### TASK ITEM
Lines below starting with the line with "Give a very brief answer. 7." and going on through the line with "Offer a terse response. 6." must be output exactly; the rest of the records must be left out.

(Collected data entries)
Content starts

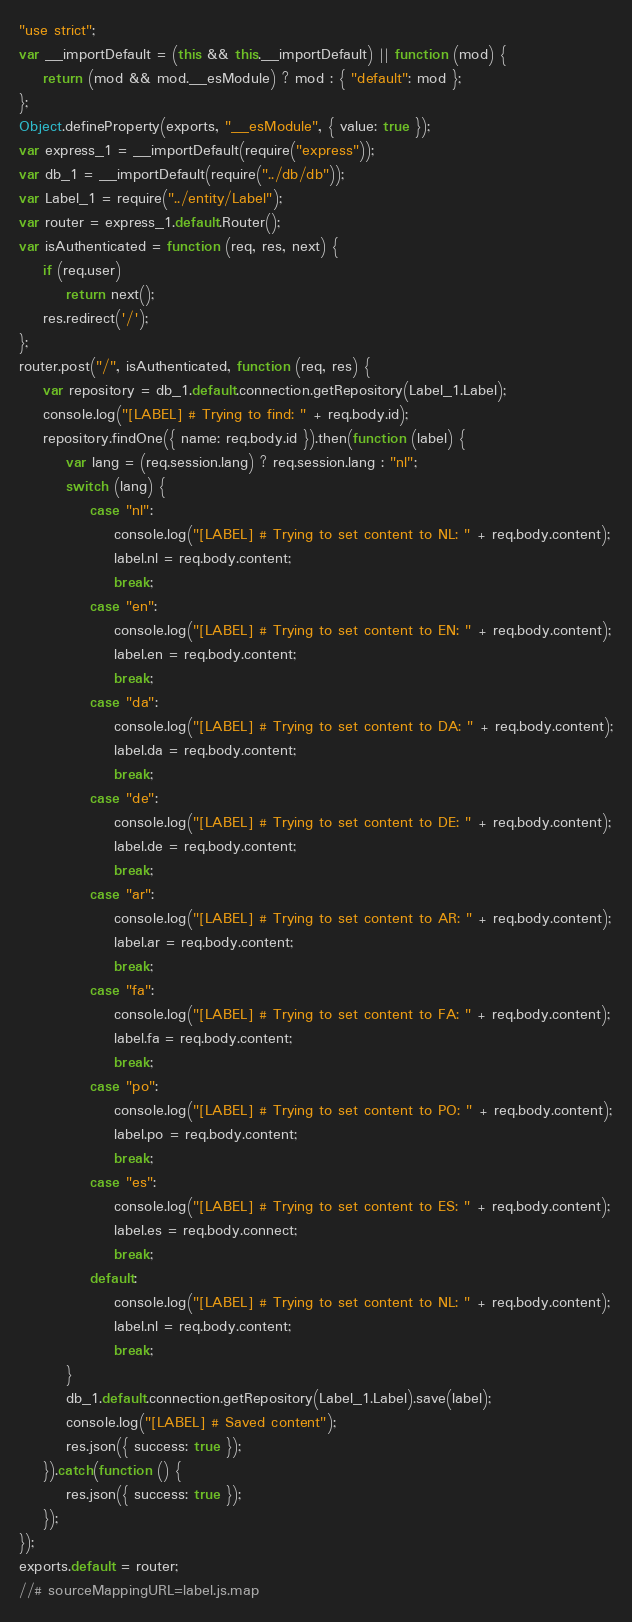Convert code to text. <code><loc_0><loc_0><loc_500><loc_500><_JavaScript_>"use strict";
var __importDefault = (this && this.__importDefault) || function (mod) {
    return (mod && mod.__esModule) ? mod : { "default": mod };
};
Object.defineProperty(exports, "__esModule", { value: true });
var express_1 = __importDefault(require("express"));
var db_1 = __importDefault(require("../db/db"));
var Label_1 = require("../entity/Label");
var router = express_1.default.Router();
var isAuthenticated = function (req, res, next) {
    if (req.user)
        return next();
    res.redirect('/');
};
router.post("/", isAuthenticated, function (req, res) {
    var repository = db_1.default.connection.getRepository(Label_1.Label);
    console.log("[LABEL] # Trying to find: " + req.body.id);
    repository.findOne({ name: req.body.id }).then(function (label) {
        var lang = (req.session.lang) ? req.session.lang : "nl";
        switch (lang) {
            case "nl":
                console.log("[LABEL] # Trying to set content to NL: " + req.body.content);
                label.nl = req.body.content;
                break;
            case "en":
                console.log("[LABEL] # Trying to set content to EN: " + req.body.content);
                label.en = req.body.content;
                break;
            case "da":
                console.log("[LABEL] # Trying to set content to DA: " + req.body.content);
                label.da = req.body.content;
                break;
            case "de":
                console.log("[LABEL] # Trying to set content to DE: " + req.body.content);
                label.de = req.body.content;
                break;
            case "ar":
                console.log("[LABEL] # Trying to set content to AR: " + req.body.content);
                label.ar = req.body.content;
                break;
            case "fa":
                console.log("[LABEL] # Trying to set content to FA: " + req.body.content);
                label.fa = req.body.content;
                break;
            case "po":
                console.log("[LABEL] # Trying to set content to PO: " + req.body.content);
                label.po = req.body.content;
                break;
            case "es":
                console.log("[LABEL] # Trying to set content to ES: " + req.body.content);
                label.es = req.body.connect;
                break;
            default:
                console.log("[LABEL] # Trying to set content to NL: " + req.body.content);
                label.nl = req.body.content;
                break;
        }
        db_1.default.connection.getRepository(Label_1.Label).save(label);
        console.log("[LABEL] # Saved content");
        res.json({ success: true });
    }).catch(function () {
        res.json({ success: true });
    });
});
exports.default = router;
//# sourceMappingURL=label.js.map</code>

Content ends
Content starts

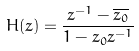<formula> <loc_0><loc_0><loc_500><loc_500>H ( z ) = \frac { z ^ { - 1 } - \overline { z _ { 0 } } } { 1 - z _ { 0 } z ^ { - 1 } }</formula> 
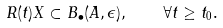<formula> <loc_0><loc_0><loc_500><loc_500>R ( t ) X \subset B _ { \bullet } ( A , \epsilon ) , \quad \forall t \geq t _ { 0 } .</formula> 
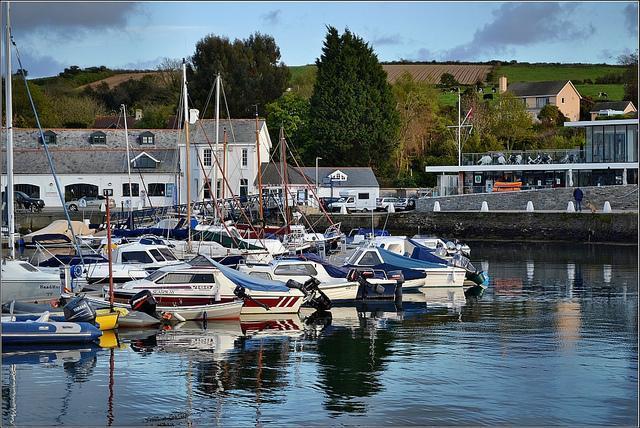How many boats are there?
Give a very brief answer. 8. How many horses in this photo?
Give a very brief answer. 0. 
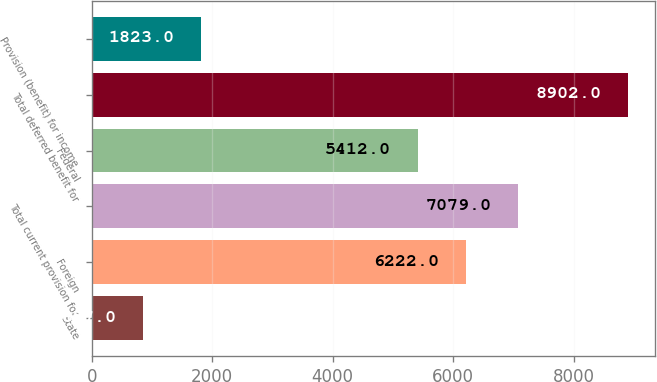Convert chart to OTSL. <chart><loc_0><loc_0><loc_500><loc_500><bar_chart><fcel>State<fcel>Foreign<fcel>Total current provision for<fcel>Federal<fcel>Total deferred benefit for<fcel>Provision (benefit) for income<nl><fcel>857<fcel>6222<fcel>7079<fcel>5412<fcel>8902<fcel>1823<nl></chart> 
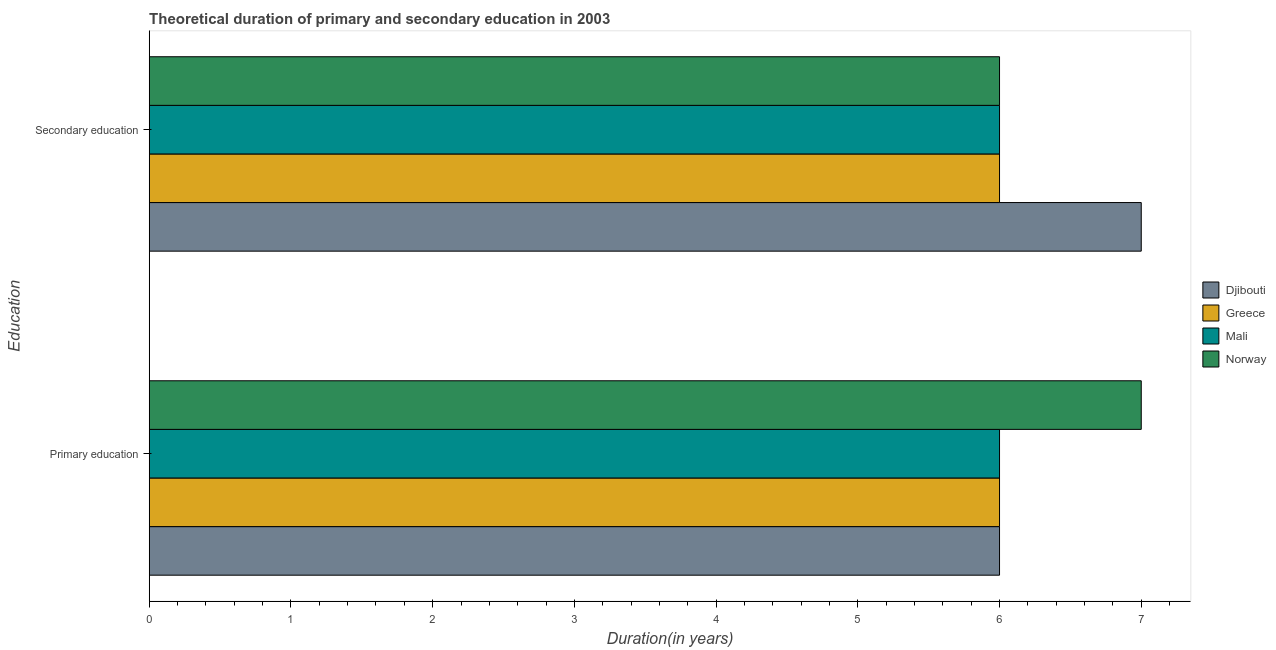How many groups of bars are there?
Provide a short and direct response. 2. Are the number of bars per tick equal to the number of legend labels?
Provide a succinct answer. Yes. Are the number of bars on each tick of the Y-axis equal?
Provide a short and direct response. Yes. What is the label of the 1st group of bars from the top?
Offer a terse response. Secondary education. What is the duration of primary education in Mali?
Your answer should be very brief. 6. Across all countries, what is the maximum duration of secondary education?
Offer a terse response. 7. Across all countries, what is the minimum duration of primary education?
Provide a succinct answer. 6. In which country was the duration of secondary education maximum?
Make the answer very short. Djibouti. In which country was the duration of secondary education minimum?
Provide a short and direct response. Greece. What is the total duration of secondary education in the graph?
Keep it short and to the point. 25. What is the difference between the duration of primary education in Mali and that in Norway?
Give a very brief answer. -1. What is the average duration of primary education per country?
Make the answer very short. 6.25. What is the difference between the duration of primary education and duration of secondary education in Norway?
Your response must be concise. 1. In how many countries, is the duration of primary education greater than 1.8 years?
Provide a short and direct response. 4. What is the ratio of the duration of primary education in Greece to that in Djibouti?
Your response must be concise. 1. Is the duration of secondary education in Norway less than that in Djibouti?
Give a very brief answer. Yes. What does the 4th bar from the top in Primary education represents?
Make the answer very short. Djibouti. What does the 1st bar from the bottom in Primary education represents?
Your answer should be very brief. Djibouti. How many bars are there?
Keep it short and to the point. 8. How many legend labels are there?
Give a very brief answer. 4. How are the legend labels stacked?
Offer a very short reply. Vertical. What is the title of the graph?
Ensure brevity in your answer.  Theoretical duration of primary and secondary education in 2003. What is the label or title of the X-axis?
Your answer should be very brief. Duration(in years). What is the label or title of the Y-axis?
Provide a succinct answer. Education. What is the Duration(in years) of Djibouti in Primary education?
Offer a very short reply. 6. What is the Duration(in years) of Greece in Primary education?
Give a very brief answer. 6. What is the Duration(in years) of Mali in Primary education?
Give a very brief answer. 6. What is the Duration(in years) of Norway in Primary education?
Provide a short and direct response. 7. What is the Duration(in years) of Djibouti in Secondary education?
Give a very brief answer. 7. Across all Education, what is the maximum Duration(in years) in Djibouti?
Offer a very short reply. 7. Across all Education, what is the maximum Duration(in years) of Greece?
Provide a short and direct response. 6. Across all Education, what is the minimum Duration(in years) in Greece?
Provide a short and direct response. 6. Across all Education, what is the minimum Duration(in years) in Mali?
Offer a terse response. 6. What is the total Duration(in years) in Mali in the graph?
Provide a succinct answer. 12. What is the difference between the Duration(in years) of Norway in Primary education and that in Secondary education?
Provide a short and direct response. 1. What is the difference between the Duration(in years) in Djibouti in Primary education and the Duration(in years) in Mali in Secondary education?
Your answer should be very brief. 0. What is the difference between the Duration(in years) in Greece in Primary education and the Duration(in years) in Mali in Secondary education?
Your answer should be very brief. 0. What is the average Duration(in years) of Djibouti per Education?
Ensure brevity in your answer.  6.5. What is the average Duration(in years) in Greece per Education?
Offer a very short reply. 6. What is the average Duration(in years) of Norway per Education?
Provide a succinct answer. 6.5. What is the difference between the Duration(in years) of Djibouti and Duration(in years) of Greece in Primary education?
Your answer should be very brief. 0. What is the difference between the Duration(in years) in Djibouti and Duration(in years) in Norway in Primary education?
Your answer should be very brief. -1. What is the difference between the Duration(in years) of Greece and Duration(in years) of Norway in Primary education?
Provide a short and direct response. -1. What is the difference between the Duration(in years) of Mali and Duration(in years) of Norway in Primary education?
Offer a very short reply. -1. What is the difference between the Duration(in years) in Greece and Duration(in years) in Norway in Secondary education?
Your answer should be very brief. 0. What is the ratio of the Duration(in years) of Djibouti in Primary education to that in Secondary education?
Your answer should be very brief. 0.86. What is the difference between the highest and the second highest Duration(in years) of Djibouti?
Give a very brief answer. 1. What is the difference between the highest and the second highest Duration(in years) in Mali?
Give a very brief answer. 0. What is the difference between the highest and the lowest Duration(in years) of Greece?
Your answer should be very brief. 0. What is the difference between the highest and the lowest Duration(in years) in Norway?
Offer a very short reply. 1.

Content ends

### RESPONSE TO THE TASK
Give a very brief answer. 7. Across all Education, what is the maximum Duration(in years) in Djibouti?
Offer a very short reply. 7. Across all Education, what is the maximum Duration(in years) of Greece?
Provide a short and direct response. 6. Across all Education, what is the minimum Duration(in years) in Greece?
Provide a short and direct response. 6. Across all Education, what is the minimum Duration(in years) in Mali?
Offer a terse response. 6. What is the total Duration(in years) in Mali in the graph?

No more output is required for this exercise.